Chinese Police Bust Romantic Crypto Scam Gang in Dubai
In a joint operation by the US, China, and the UAE, 276 people were arrested for defrauding victims through romance scams. The money laundering scheme used cryptocurrencies.
Romantic Extortion: How Three Countries' Security Forces Crushed a Crypto Fraud Empire in Dubai
276 arrests, nine dismantled call centers, and one unprecedented operation: the police forces of China, the US, and the UAE have just announced the results of a joint raid that no one expected given the current geopolitical climate. Codenamed Tri-Force Sentinel, the operation took place in Dubai and marks the first time law enforcement from three countries simultaneously struck syndicates specializing in "pig butchering."
While politicians trade barbs, police quietly coordinated the takedown, resulting in the arrest of hundreds of operators, managers, and recruiters. Among them are citizens of Myanmar and Indonesia, who have already been charged with fraud and money laundering in California.

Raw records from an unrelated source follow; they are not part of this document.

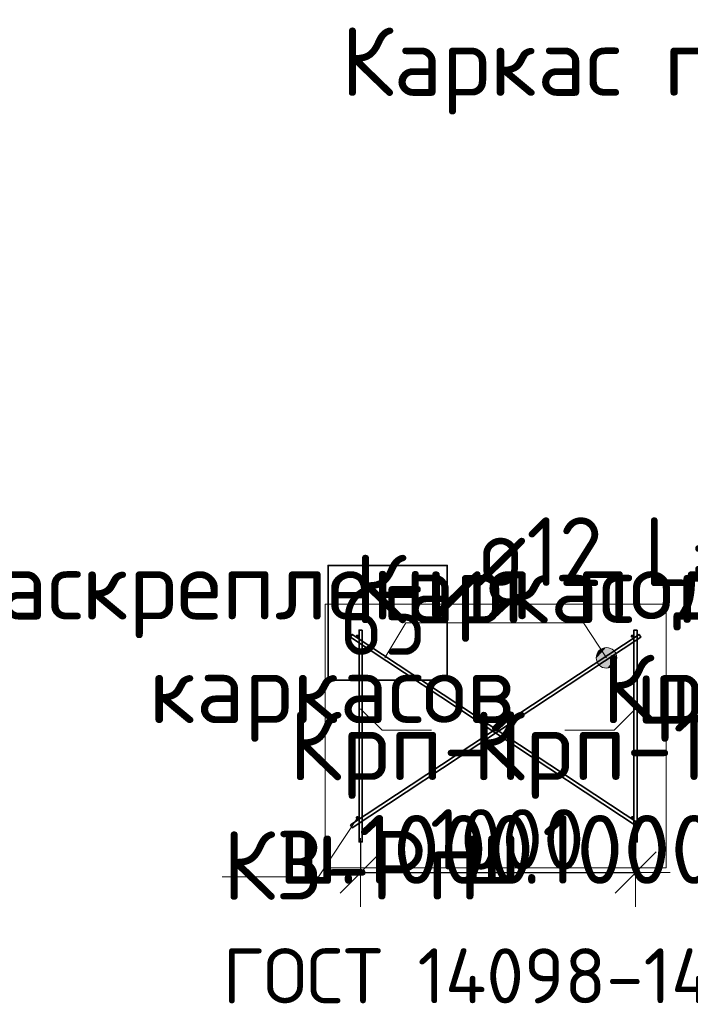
# Model space of a CAD drawing. Header units: millimetres. Extents: x -3483 to 105345, y -283423 to 72284.
# Tile 154 of 157: x 92786 to 95225, y 47473 to 51053. Entities that reach past the tile are written whole.
import ezdxf

# ---------------------------------------------------------------- set-up
doc = ezdxf.new("R2010")
doc.units = ezdxf.units.MM
doc.header["$PDMODE"] = 65
doc.layers.add('Standard', color=7, linetype='Continuous', lineweight=25)
doc.layers.add('Размерная линия_ общее', color=7, linetype='Continuous', lineweight=13)
doc.layers.add('Арм.стержн. Фиксатор', color=7, linetype='Continuous', lineweight=35, true_color=0x501e0f)
doc.styles.add('ARIAL', font='ARIAL.TTF')
doc.styles.add('ISOCPEUR', font='ISOCPEUR')
doc.dimstyles.new('DIMSTYLE_4', dxfattribs={"dimtxt": 220, "dimasz": 250, "dimexe": 0, "dimexo": 0, "dimgap": 110, "dimtad": 2, "dimdec": 0, "dimrnd": 5, "dimzin": 12, "dimdsep": 46, "dimtxsty": 'ISOCPEUR', "dimblk1": 'ALL_ML_STRICH', "dimblk2": 'ALL_ML_STRICH', "dimsah": 1, "dimcen": 0, "dimclrd": 7, "dimclre": 256, "dimclrt": 7, "dimadec": 0, "dimazin": 0, "dimtfac": 1, "dimtdec": 0, "dimtix": 1, "dimtmove": 2, "dimatfit": 3, "dimfxl": 0, "dimtzin": 0, "dimlwd": 0, "dimlwe": -3, "dimarcsym": 0})

# ---------------------------------------------------------------- blocks, each defined once
blk = doc.blocks.new('ALL_ML_STRICH')
at = {"color": 0, "linetype": 'ByBlock', "lineweight": -2}
for p, q in [((0, -0.5), (0, 0.5)), ((-0.3, -0.3), (0.3, 0.3)), ((-1, 0), (0.5, 0))]:
    blk.add_line(p, q, dxfattribs=at)
blk = doc.blocks.new('*D155')
at = {"layer": 'DEFPOINTS', "color": 7, "linetype": 'Continuous', "lineweight": 13, "transparency": 33554687}
for p in [(94026.4, 48086.9), (95026.4, 48089.4), (94026.4, 47952.8)]:
    blk.add_point(p, dxfattribs=at)
at = {"layer": 'Размерная линия_ общее', "color": 253, "linetype": 'Continuous', "lineweight": -2, "true_color": 0xa0a0a0, "transparency": 33554687}
for p, q in [((94026.4, 48066.9), (94026.4, 47952.8)), ((95026.4, 48069.4), (95026.4, 47952.8))]:
    blk.add_line(p, q, dxfattribs=at)
at = {"layer": 'Размерная линия_ общее', "color": 7, "linetype": 'Continuous', "lineweight": -2, "transparency": 33554687}
blk.add_line((94026.4, 47952.8), (95026.4, 47952.8), dxfattribs=at)
at = {"layer": 'Размерная линия_ общее', "color": 7, "linetype": 'Continuous', "lineweight": 13, "transparency": 33554687, "xscale": 250, "yscale": 250, "zscale": 250, "rotation": 180}
blk.add_blockref('ALL_ML_STRICH', (94026.4, 47952.8), dxfattribs=at)
at = {"layer": 'Размерная линия_ общее', "color": 7, "linetype": 'Continuous', "lineweight": 13, "transparency": 33554687, "xscale": 250, "yscale": 250, "zscale": 250}
blk.add_blockref('ALL_ML_STRICH', (95026.4, 47952.8), dxfattribs=at)
at = {"layer": 'Размерная линия_ общее', "color": 7, "linetype": 'Continuous', "lineweight": 13, "transparency": 33554687, "insert": (94559.4, 48072.8), "char_height": 220, "width": 880, "attachment_point": 5, "style": 'ISOCPEUR'}
blk.add_mtext('\\A1;{1000}', dxfattribs=at)

msp = doc.modelspace()

# ---------------------------------------------------------------- hatches: boundary and pattern name
at = {"layer": 'Арм.стержн. Фиксатор', "linetype": 'Continuous', "lineweight": 35, "transparency": 33554687}
for points in [[(94020.4, 48811.7), (94019.9, 48814), (94018.6, 48815.9), (94016.7, 48817.2), (94014.4, 48817.7), (94012.1, 48817.2), (94010.1, 48815.9), (94008.8, 48814), (94008.4, 48811.7), (94008.8, 48809.4), (94010.1, 48807.4), (94012.1, 48806.1), (94014.4, 48805.7), (94016.7, 48806.1), (94018.6, 48807.4), (94019.9, 48809.4)], [(95020.4, 48811.7), (95019.9, 48814), (95018.6, 48815.9), (95016.7, 48817.2), (95014.4, 48817.7), (95012.1, 48817.2), (95010.1, 48815.9), (95008.8, 48814), (95008.4, 48811.7), (95008.8, 48809.4), (95010.1, 48807.4), (95012.1, 48806.1), (95014.4, 48805.7), (95016.7, 48806.1), (95018.6, 48807.4), (95019.9, 48809.4)], [(94020.4, 48151.7), (94019.9, 48154), (94018.6, 48155.9), (94016.7, 48157.2), (94014.4, 48157.7), (94012.1, 48157.2), (94010.1, 48155.9), (94008.8, 48154), (94008.4, 48151.7), (94008.8, 48149.4), (94010.1, 48147.4), (94012.1, 48146.1), (94014.4, 48145.7), (94016.7, 48146.1), (94018.6, 48147.4), (94019.9, 48149.4)], [(95020.4, 48151.7), (95019.9, 48154), (95018.6, 48155.9), (95016.7, 48157.2), (95014.4, 48157.7), (95012.1, 48157.2), (95010.1, 48155.9), (95008.8, 48154), (95008.4, 48151.7), (95008.8, 48149.4), (95010.1, 48147.4), (95012.1, 48146.1), (95014.4, 48145.7), (95016.7, 48146.1), (95018.6, 48147.4), (95019.9, 48149.4)]]:
    msp.add_hatch(color=34, dxfattribs=at).paths.add_polyline_path(points)
at = {"layer": 'Арм.стержн. Фиксатор', "linetype": 'Continuous', "lineweight": 13, "transparency": 33554687}
for points in [[(94918.4, 48770.2), (94887.1, 48749.5), (94883.3, 48730.8)], [(94918.4, 48770.2), (94883.3, 48730.8), (94937.1, 48766.3)], [(94937.1, 48766.3), (94883.3, 48730.8), (94889.2, 48712.3)], [(94887.1, 48749.5), (94918.4, 48770.2), (94899.9, 48764.2)], [(94937.1, 48766.3), (94889.2, 48712.3), (94951.8, 48753.6)], [(94951.8, 48753.6), (94889.2, 48712.3), (94903.9, 48699.5)], [(94951.8, 48753.6), (94903.9, 48699.5), (94957.8, 48735)], [(94957.8, 48735), (94903.9, 48699.5), (94922.6, 48695.7)], [(94957.8, 48735), (94922.6, 48695.7), (94953.9, 48716.3)], [(94953.9, 48716.3), (94922.6, 48695.7), (94941.2, 48701.6)]]:
    msp.add_hatch(color=7, dxfattribs=at).paths.add_polyline_path(points)

# ---------------------------------------------------------------- linework, layer by layer
at = {"layer": 'Standard', "color": 7, "linetype": 'Continuous', "lineweight": 13, "transparency": 33554687}
for points in [[(93897.2, 47969.7), (95137.5, 47969.7), (95137.5, 48927.7), (93897.2, 48927.7), (93897.2, 47969.7)], [(94114.2, 48732.9), (94191.3, 48860.6), (94341.3, 48860.6)], [(94026.4, 48547.6), (94104.2, 48469.8), (94284.2, 48469.8)], [(95026.4, 48547.6), (94948.6, 48469.8), (94768.6, 48469.8)], [(94014.4, 48151.7), (93872.7, 47936.4), (93522.7, 47936.4)]]:
    msp.add_lwpolyline(points, dxfattribs=at)
at = {"layer": 'Арм.стержн. Фиксатор', "color": 7, "linetype": 'Continuous', "lineweight": 13, "transparency": 33554687}
for p, q in [((94341.3, 48860.6), (94836.3, 48860.6)), ((94836.3, 48860.6), (94920.5, 48732.9)), ((94899.9, 48764.2), (94899.9, 48764.2)), ((94951.8, 48753.6), (94951.8, 48753.6)), ((94889.2, 48712.3), (94889.2, 48712.3)), ((94941.2, 48701.6), (94941.2, 48701.6))]:
    msp.add_line(p, q, dxfattribs=at)
at = {"layer": 'Арм.стержн. Фиксатор', "color": 7, "linetype": 'Continuous', "lineweight": 35, "transparency": 33554687}
msp.add_lwpolyline([(93907.9, 48652.3), (94341.3, 48652.3), (94341.3, 49068.9), (93907.9, 49068.9), (93907.9, 48652.3)], dxfattribs=at)
at = {"layer": 'Арм.стержн. Фиксатор', "color": 34, "linetype": 'Continuous', "lineweight": 35, "transparency": 33554687}
for points in [[(95039, 48115.4), (93988.9, 48808.4), (93995.5, 48818.4), (95045.6, 48125.4), (95039, 48115.4)], [(93989.1, 48125.4), (95039.2, 48818.4), (95045.8, 48808.4), (93995.8, 48115.4), (93989.1, 48125.4)], [(94032.4, 48833.7), (94032.4, 48063.7), (94020.4, 48063.7), (94020.4, 48833.7), (94032.4, 48833.7)], [(95032.4, 48833.7), (95032.4, 48063.7), (95020.4, 48063.7), (95020.4, 48833.7), (95032.4, 48833.7)]]:
    msp.add_lwpolyline(points, dxfattribs=at)
at = {"layer": 'Арм.стержн. Фиксатор', "color": 7, "linetype": 'Continuous', "lineweight": 13, "transparency": 33554687}
msp.add_circle((94920.5, 48732.9), 37.5, dxfattribs=at)

# ---------------------------------------------------------------- texts
at = {"layer": 'Standard', "color": 7, "linetype": 'Continuous', "lineweight": 13, "transparency": 33554687, "char_height": 250, "attachment_point": 2, "style": 'ISOCPEUR'}
for s, insert, width in [('\\A1;{\\fISOCPEUR|i0|b0;\\H250.000000;\\W1.000000;\\C7;Каркас поперечной арматуры Кр-1}\\P', (96669.4, 51026.5), 5647.778), ('\\A1;{\\fISOCPEUR|i0|b0;\\H250.000000;\\W1.000000;\\C7;Каркас поддерживающий Крп-1}\\P', (96485.8, 49109.3), 5009.994)]:
    msp.add_mtext(s, dxfattribs=dict(at, insert=insert, width=width))
at = {"layer": 'Standard', "color": 7, "linetype": 'Continuous', "lineweight": 13, "transparency": 33554687, "char_height": 250, "style": 'ARIAL'}
for s, insert, width, attachment_point, line_spacing_factor in [('\\A1;{\\fISOCPEUR|i0|b0;\\H250.000000;\\W1.000000;\\C7;Схема раскрепления поддерживающих}\\P{\\fISOCPEUR|i0|b0;\\H250.000000;\\W1.000000;\\C7;каркасов  Крп-1}\\P', (94507.2, 49122.3), 6078.52, 2, 0.903614), ('\\A1;{\\fISOCPEUR|i0|b0;\\H250.000000;\\W1.000000;\\C7;Крп-1}\\P{\\fISOCPEUR|i0|b0;\\H250.000000;\\W1.000000;\\C7;ш.1000}\\P', (94193, 48538.1), 1065.552, 2, 0.903614), ('\\A1;{\\fISOCPEUR|i0|b0;\\H250.000000;\\W1.000000;\\C7;Крп-1}\\P{\\fISOCPEUR|i0|b0;\\H250.000000;\\W1.000000;\\C7;ш.1000}\\P', (94859.8, 48538.1), 1065.552, 2, 0.903614), ('\\A1;{\\fISOCPEUR|i0|b0;\\H250.000000;\\W1.000000;\\C7;К3-Рп}\\P{\\fISOCPEUR|i0|b0;\\H200.000000;\\W1.000000;\\C7;ГОСТ 14098-14}\\P', (93524.2, 48103.5), 2223.136, 1, 1.024096)]:
    msp.add_mtext(s, dxfattribs=dict(at, insert=insert, width=width, attachment_point=attachment_point, line_spacing_factor=line_spacing_factor))
at = {"layer": 'Арм.стержн. Фиксатор', "color": 7, "linetype": 'Continuous', "lineweight": 25, "transparency": 33554687, "char_height": 250, "attachment_point": 7, "style": 'ISOCPEUR'}
for s, insert, width in [('\\W0.94;ø12 L=1260mm ', (94441.3, 48993.9), 2391.341), ('\\W0.87;65', (93949.6, 48743.9), 459.01), ('\\W0.92;ш.1200 ', (95028.8, 48493.9), 1214.02)]:
    msp.add_mtext(s, dxfattribs=dict(at, insert=insert, width=width))

# ---------------------------------------------------------------- dimensions: what is measured, and where the dimension line sits
at = {"layer": 'Размерная линия_ общее', "color": 7, "linetype": 'Continuous', "lineweight": 13, "transparency": 33554687}
dim = msp.add_linear_dim(base=(95026.4, 47952.8), p1=(94026.4, 48066.9), p2=(95026.4, 48069.4), dimstyle='DIMSTYLE_4', override={"dimpost": '<>', "dimclrd": 7, "dimclre": 253, "dimclrt": 7, "dimlwd": 0, "dimlwe": 65533}, dxfattribs=at)
dim.commit()
dim.dimension.update_dxf_attribs({"geometry": '*D155', "text_midpoint": (94559.4, 48072.8), "dimtype": 160})

doc.saveas('drawing.dxf')

How It Worked: Three Front Companies, an Endless Stream of Victims, and Bitcoin Wallets
China's Ministry of Public Security revealed the mechanics: three ostensibly legal companies—Ko Thet Company, Sanduo Group, and Giant Company—served as a front for a network of nine fraudulent nodes. Their employees created fake profiles on social media and dating sites, spent weeks and months building romantic relationships with Americans, and then moved to the financial phase. Victims were offered "unique high-yield cryptocurrency platforms"—fake sites like CoinswiftTrading and SwiftLedger.
Those who took the bait were squeezed to the max: people took out consumer loans, borrowed from relatives, and drained their retirement savings. When the money hit the accounts, the criminals funneled it through a network of shell wallets and cashed out instantly. No investments existed—only simulated growth charts on the victim's screen.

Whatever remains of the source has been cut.